On December 17, Teradata announced the finalization of the acquisition of RainStor, a big data archiving company that specializes in archival solutions for Hadoop. The acquisition of RainStor gives Teradata ownership of RainStor’s technology for compressing and freezing Hadoop datastores for archival purposes. RainStor’s archival technology empowers companies to compress and store Hadoop data as Hadoop-based datasets proliferate throughout the enterprise in conjunction with the larger transition to data-driven operational and strategic analytics. The acquisition represents Teradata’s fourth major acquisition this year following upon the purchase of Revelytix, Hadapt and Think Big Analytics. Terms of the acquisition were not disclosed although most of RainStor employees will remain in their pre-acquisition locations in San Francisco and Gloucester. The acquisition strengthens Teradata’s Hadoop solutions by augmenting its ability to provide customers with enterprise-wide data archival capabilities.

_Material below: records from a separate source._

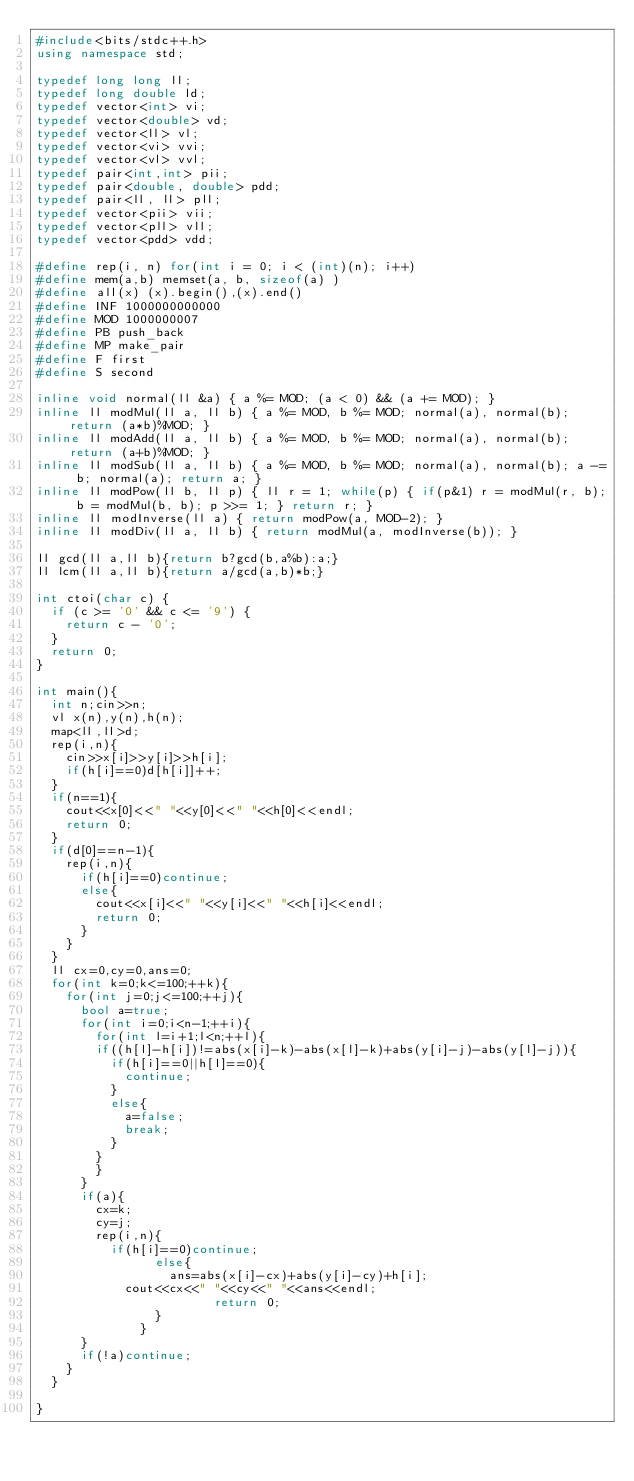Convert code to text. <code><loc_0><loc_0><loc_500><loc_500><_C++_>#include<bits/stdc++.h>
using namespace std;

typedef long long ll;
typedef long double ld;
typedef vector<int> vi;
typedef vector<double> vd;
typedef vector<ll> vl;
typedef vector<vi> vvi;
typedef vector<vl> vvl;
typedef pair<int,int> pii;
typedef pair<double, double> pdd;
typedef pair<ll, ll> pll;
typedef vector<pii> vii;
typedef vector<pll> vll;
typedef vector<pdd> vdd;

#define rep(i, n) for(int i = 0; i < (int)(n); i++)
#define mem(a,b) memset(a, b, sizeof(a) )
#define all(x) (x).begin(),(x).end()
#define INF 1000000000000
#define MOD 1000000007
#define PB push_back
#define MP make_pair
#define F first
#define S second

inline void normal(ll &a) { a %= MOD; (a < 0) && (a += MOD); }
inline ll modMul(ll a, ll b) { a %= MOD, b %= MOD; normal(a), normal(b); return (a*b)%MOD; }
inline ll modAdd(ll a, ll b) { a %= MOD, b %= MOD; normal(a), normal(b); return (a+b)%MOD; }
inline ll modSub(ll a, ll b) { a %= MOD, b %= MOD; normal(a), normal(b); a -= b; normal(a); return a; }
inline ll modPow(ll b, ll p) { ll r = 1; while(p) { if(p&1) r = modMul(r, b); b = modMul(b, b); p >>= 1; } return r; }
inline ll modInverse(ll a) { return modPow(a, MOD-2); }
inline ll modDiv(ll a, ll b) { return modMul(a, modInverse(b)); }

ll gcd(ll a,ll b){return b?gcd(b,a%b):a;}
ll lcm(ll a,ll b){return a/gcd(a,b)*b;}

int ctoi(char c) {
	if (c >= '0' && c <= '9') {
		return c - '0';
	}
	return 0;
}

int main(){
	int n;cin>>n;
	vl x(n),y(n),h(n);
	map<ll,ll>d;
	rep(i,n){
		cin>>x[i]>>y[i]>>h[i];
		if(h[i]==0)d[h[i]]++;
	}
	if(n==1){
		cout<<x[0]<<" "<<y[0]<<" "<<h[0]<<endl;
		return 0;
	}
	if(d[0]==n-1){
		rep(i,n){
			if(h[i]==0)continue;
			else{
				cout<<x[i]<<" "<<y[i]<<" "<<h[i]<<endl;
				return 0;
			}
		}
	}
	ll cx=0,cy=0,ans=0;
	for(int k=0;k<=100;++k){
		for(int j=0;j<=100;++j){
			bool a=true;
			for(int i=0;i<n-1;++i){
				for(int l=i+1;l<n;++l){
				if((h[l]-h[i])!=abs(x[i]-k)-abs(x[l]-k)+abs(y[i]-j)-abs(y[l]-j)){
					if(h[i]==0||h[l]==0){
						continue;
					}
					else{
						a=false;
						break;
					}
				}
				}
			}
			if(a){
				cx=k;
				cy=j;
				rep(i,n){
					if(h[i]==0)continue;
		            else{
			            ans=abs(x[i]-cx)+abs(y[i]-cy)+h[i];
						cout<<cx<<" "<<cy<<" "<<ans<<endl;
                        return 0;
		            }
            	}
			}
			if(!a)continue;
		}
	}
	
}
</code>

As reported by Arik Hesseldahl in Recode, Apache Hadoop vendor Hortonworks has filed for an IPO. The decision by Hortonworks to offer public shares represents the first IPO from a major Hadoop vendor. In fiscal year 2013, Hortonworks reported a loss of $36.6M relative to $11M in revenue. Meanwhile, for the first 9 months of 2014, Hortonworks increased its revenue to $33.3M but posted a loss of $86.7M. The decision by Hortonworks to go public comes after two major capital raises in 2014. In July, HP invested $50M in Hortonworks, following upon the $100M raised by Hortonworks in March. Given the gargantuan capital raises specific to Hortonworks competitors Cloudera and MapR as well, the Big Data landscape should also expect IPOs from Cloudera and MapR in the near future. Meanwhile, more detailed analysis regarding the prospects of Hortonworks executing a successful IPO will emerge in coming weeks in anticipation of the launch of the IPO either in late 2014 or early 2015. In 2011, Hortonworks was spun out of Yahoo, its principal investor. Hortonworks plans to raise up to $100M by means of its IPO.